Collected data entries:
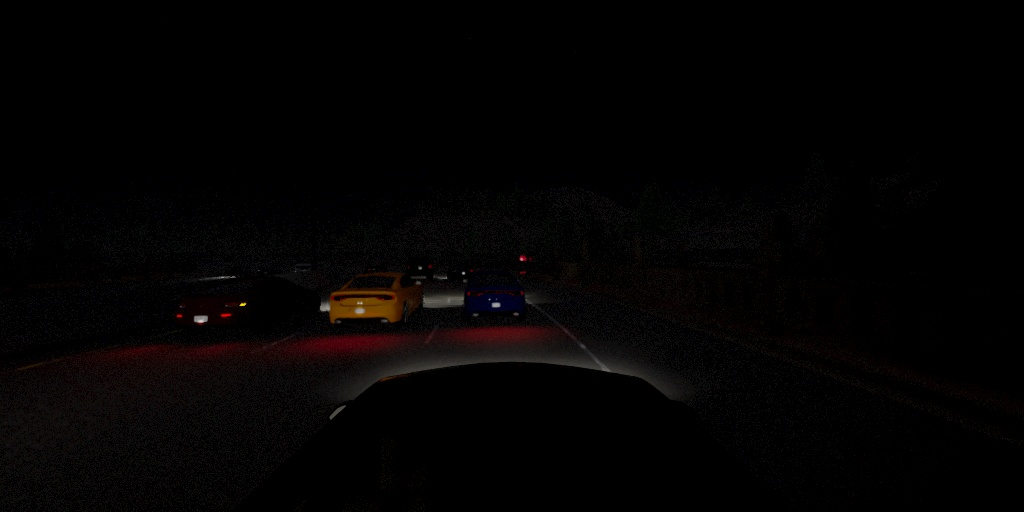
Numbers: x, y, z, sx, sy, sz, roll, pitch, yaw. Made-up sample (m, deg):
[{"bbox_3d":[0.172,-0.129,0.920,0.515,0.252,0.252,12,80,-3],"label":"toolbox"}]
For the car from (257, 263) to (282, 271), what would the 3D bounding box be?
[{"bbox_3d":[-26.442,1.513,39.178,1.812,1.442,4.674,0,0,-26],"label":"car"}]

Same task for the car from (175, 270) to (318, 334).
[{"bbox_3d":[-7.532,1.315,10.740,1.812,1.442,4.674,0,0,-5],"label":"car"}]

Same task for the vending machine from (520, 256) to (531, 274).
[{"bbox_3d":[1.452,0.963,38.694,1.100,2.100,0.880,0,0,-19],"label":"vending machine"}]

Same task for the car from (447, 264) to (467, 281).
[{"bbox_3d":[-4.513,1.362,31.193,1.994,1.385,4.181,0,0,-17],"label":"car"}]

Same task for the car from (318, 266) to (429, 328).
[{"bbox_3d":[-4.096,1.250,11.590,1.882,1.535,5.008,0,0,-5],"label":"car"}]

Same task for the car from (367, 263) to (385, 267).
[{"bbox_3d":[-12.012,1.342,31.839,2.128,1.511,4.902,0,0,-18],"label":"car"}]

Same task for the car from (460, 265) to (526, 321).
[{"bbox_3d":[-0.694,1.234,12.570,1.882,1.535,5.008,0,0,-6],"label":"car"}]

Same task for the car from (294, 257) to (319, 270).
[{"bbox_3d":[-23.318,1.184,40.810,2.150,2.045,5.566,0,0,-26],"label":"car"}]

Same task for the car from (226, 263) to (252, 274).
[{"bbox_3d":[-31.635,1.573,41.678,1.812,1.442,4.674,0,0,-29],"label":"car"}]

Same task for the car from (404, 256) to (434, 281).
[{"bbox_3d":[-7.999,1.042,30.817,2.150,2.045,5.566,0,0,-17],"label":"car"}]

Exercise instructions
Copy exactly the lines from the one containing "Same task for the car from (226, 263)" through the last line of the records, both included, and nothing else.

Reply
Same task for the car from (226, 263) to (252, 274).
[{"bbox_3d":[-31.635,1.573,41.678,1.812,1.442,4.674,0,0,-29],"label":"car"}]

Same task for the car from (404, 256) to (434, 281).
[{"bbox_3d":[-7.999,1.042,30.817,2.150,2.045,5.566,0,0,-17],"label":"car"}]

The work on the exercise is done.